Surgió el scat, inesperado, surgió y latía,
fluía intrépido un caleidoscopio de notas que arrancaban los tendones del
guitarrista de un lugar oculto ni él sabe dónde, ahí donde lo más puro y magnífico
encuentra vía de escape, desembocando justo en el ombligo de la escucha. Caía
como lluvia sobre los corazones sedientos de las una-sola-persona que lo
acompañaba. Movida de conmoción, ella hizo papel picado su timidez y soltó la
primera nota, haciéndole cosquillas al ronroneo de las cuerdas. Ahora sí que se
la estaban jugando. Turno por turno se dejaban lucir, desfilaban sus mejores
pilchas con sabor a otro tiempo y tez negra, se sorprendían de reojo entretejiendo
una sola y la misma sonrisa. Llegaba de lejos el ruido de lo ajeno, ritmos
desacompasados, desesperanzados, una frenada por acá, una puteada marca taxi
versus bicicleta, un perro histérico de tantas horas tras las rejas, muchísimos
pasos apurados, encascados tras algún que otro aparato sin pilas porque eso es
muy vintage y el futuro llegó hace rato. Aunque no para todos, porque pese a
que lo ajeno era indudablemente existente, no se hacía presente en ese cuarto. Ellos
no advertían la tensión, ellos estaban tan embebidos en su menjunje vital que nada
podían atender a otra cosa. Pasaron siglos, cuatro minutos quizá, antes de que el
tema pidiera un descanso, y se fue dejándolos con esa plenitud que deja un buen
plato de polenta con salsa y queso. La eternidad cada instante que hacemos
nuestro.
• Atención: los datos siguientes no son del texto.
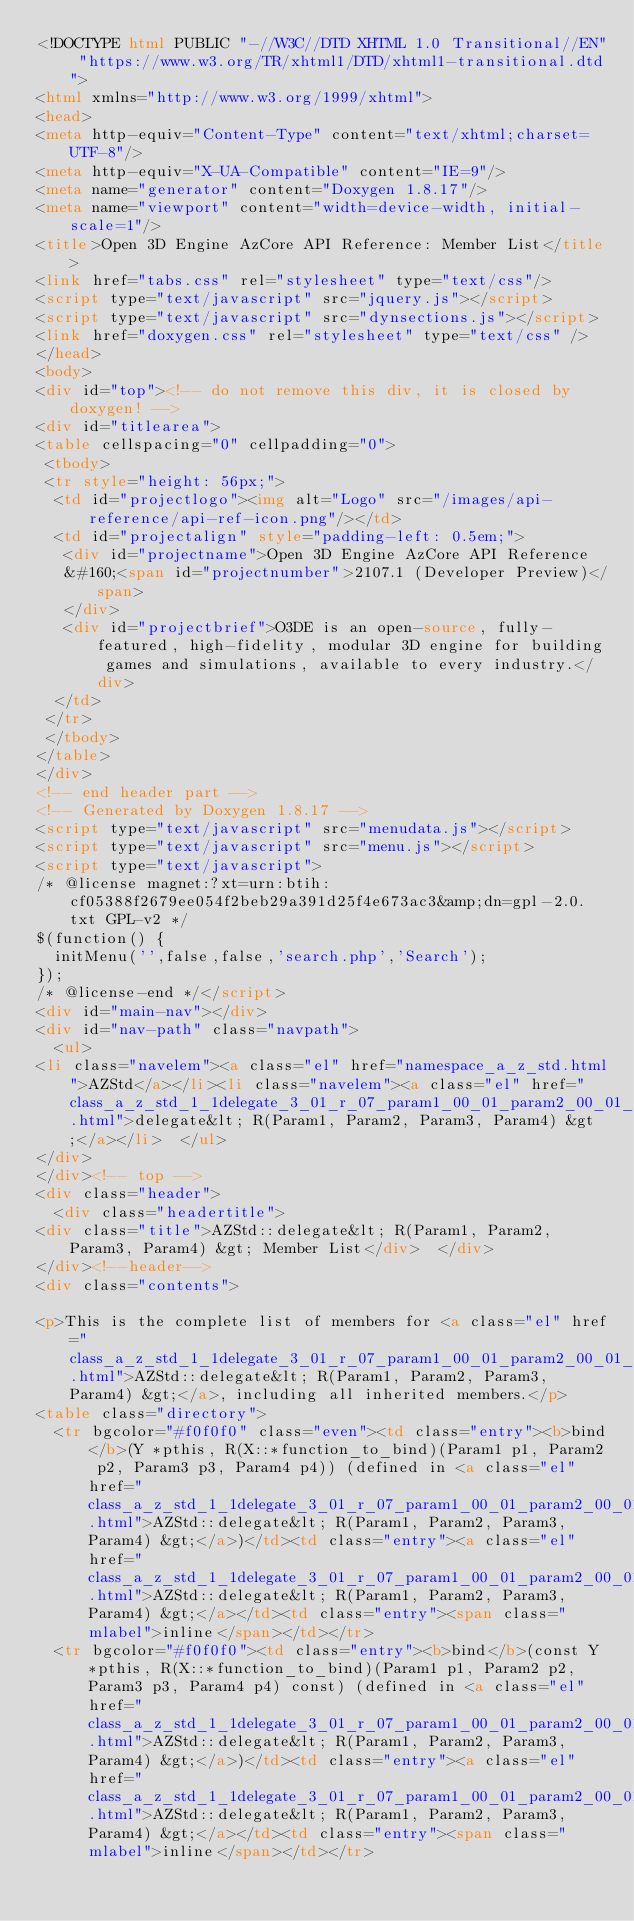Convert code to text. <code><loc_0><loc_0><loc_500><loc_500><_HTML_><!DOCTYPE html PUBLIC "-//W3C//DTD XHTML 1.0 Transitional//EN" "https://www.w3.org/TR/xhtml1/DTD/xhtml1-transitional.dtd">
<html xmlns="http://www.w3.org/1999/xhtml">
<head>
<meta http-equiv="Content-Type" content="text/xhtml;charset=UTF-8"/>
<meta http-equiv="X-UA-Compatible" content="IE=9"/>
<meta name="generator" content="Doxygen 1.8.17"/>
<meta name="viewport" content="width=device-width, initial-scale=1"/>
<title>Open 3D Engine AzCore API Reference: Member List</title>
<link href="tabs.css" rel="stylesheet" type="text/css"/>
<script type="text/javascript" src="jquery.js"></script>
<script type="text/javascript" src="dynsections.js"></script>
<link href="doxygen.css" rel="stylesheet" type="text/css" />
</head>
<body>
<div id="top"><!-- do not remove this div, it is closed by doxygen! -->
<div id="titlearea">
<table cellspacing="0" cellpadding="0">
 <tbody>
 <tr style="height: 56px;">
  <td id="projectlogo"><img alt="Logo" src="/images/api-reference/api-ref-icon.png"/></td>
  <td id="projectalign" style="padding-left: 0.5em;">
   <div id="projectname">Open 3D Engine AzCore API Reference
   &#160;<span id="projectnumber">2107.1 (Developer Preview)</span>
   </div>
   <div id="projectbrief">O3DE is an open-source, fully-featured, high-fidelity, modular 3D engine for building games and simulations, available to every industry.</div>
  </td>
 </tr>
 </tbody>
</table>
</div>
<!-- end header part -->
<!-- Generated by Doxygen 1.8.17 -->
<script type="text/javascript" src="menudata.js"></script>
<script type="text/javascript" src="menu.js"></script>
<script type="text/javascript">
/* @license magnet:?xt=urn:btih:cf05388f2679ee054f2beb29a391d25f4e673ac3&amp;dn=gpl-2.0.txt GPL-v2 */
$(function() {
  initMenu('',false,false,'search.php','Search');
});
/* @license-end */</script>
<div id="main-nav"></div>
<div id="nav-path" class="navpath">
  <ul>
<li class="navelem"><a class="el" href="namespace_a_z_std.html">AZStd</a></li><li class="navelem"><a class="el" href="class_a_z_std_1_1delegate_3_01_r_07_param1_00_01_param2_00_01_param3_00_01_param4_08_01_4.html">delegate&lt; R(Param1, Param2, Param3, Param4) &gt;</a></li>  </ul>
</div>
</div><!-- top -->
<div class="header">
  <div class="headertitle">
<div class="title">AZStd::delegate&lt; R(Param1, Param2, Param3, Param4) &gt; Member List</div>  </div>
</div><!--header-->
<div class="contents">

<p>This is the complete list of members for <a class="el" href="class_a_z_std_1_1delegate_3_01_r_07_param1_00_01_param2_00_01_param3_00_01_param4_08_01_4.html">AZStd::delegate&lt; R(Param1, Param2, Param3, Param4) &gt;</a>, including all inherited members.</p>
<table class="directory">
  <tr bgcolor="#f0f0f0" class="even"><td class="entry"><b>bind</b>(Y *pthis, R(X::*function_to_bind)(Param1 p1, Param2 p2, Param3 p3, Param4 p4)) (defined in <a class="el" href="class_a_z_std_1_1delegate_3_01_r_07_param1_00_01_param2_00_01_param3_00_01_param4_08_01_4.html">AZStd::delegate&lt; R(Param1, Param2, Param3, Param4) &gt;</a>)</td><td class="entry"><a class="el" href="class_a_z_std_1_1delegate_3_01_r_07_param1_00_01_param2_00_01_param3_00_01_param4_08_01_4.html">AZStd::delegate&lt; R(Param1, Param2, Param3, Param4) &gt;</a></td><td class="entry"><span class="mlabel">inline</span></td></tr>
  <tr bgcolor="#f0f0f0"><td class="entry"><b>bind</b>(const Y *pthis, R(X::*function_to_bind)(Param1 p1, Param2 p2, Param3 p3, Param4 p4) const) (defined in <a class="el" href="class_a_z_std_1_1delegate_3_01_r_07_param1_00_01_param2_00_01_param3_00_01_param4_08_01_4.html">AZStd::delegate&lt; R(Param1, Param2, Param3, Param4) &gt;</a>)</td><td class="entry"><a class="el" href="class_a_z_std_1_1delegate_3_01_r_07_param1_00_01_param2_00_01_param3_00_01_param4_08_01_4.html">AZStd::delegate&lt; R(Param1, Param2, Param3, Param4) &gt;</a></td><td class="entry"><span class="mlabel">inline</span></td></tr></code> 
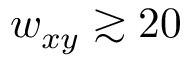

Y entonces cayó el telón, que sonaba más a pequeña pausa anhelante que
a despedida, pero era un finito concluyentísimo. La guitarra retornó a su
funda, los tendones al mate, la garganta a esa anécdota viejísima sobre el
colombiano del colibrí que le cuento a todo el mundo y siempre me contestan que
ya la conocían, pero que les gusta cómo la cuento, así que va de nuevo, y ya
estábamos en el mundo como nuevos, habiéndole regalado a la vida un buen trago,
porque por más derrames de petróleo y tráfico de órganos, nosotros también
sabemos tocar el amor y hacer magia.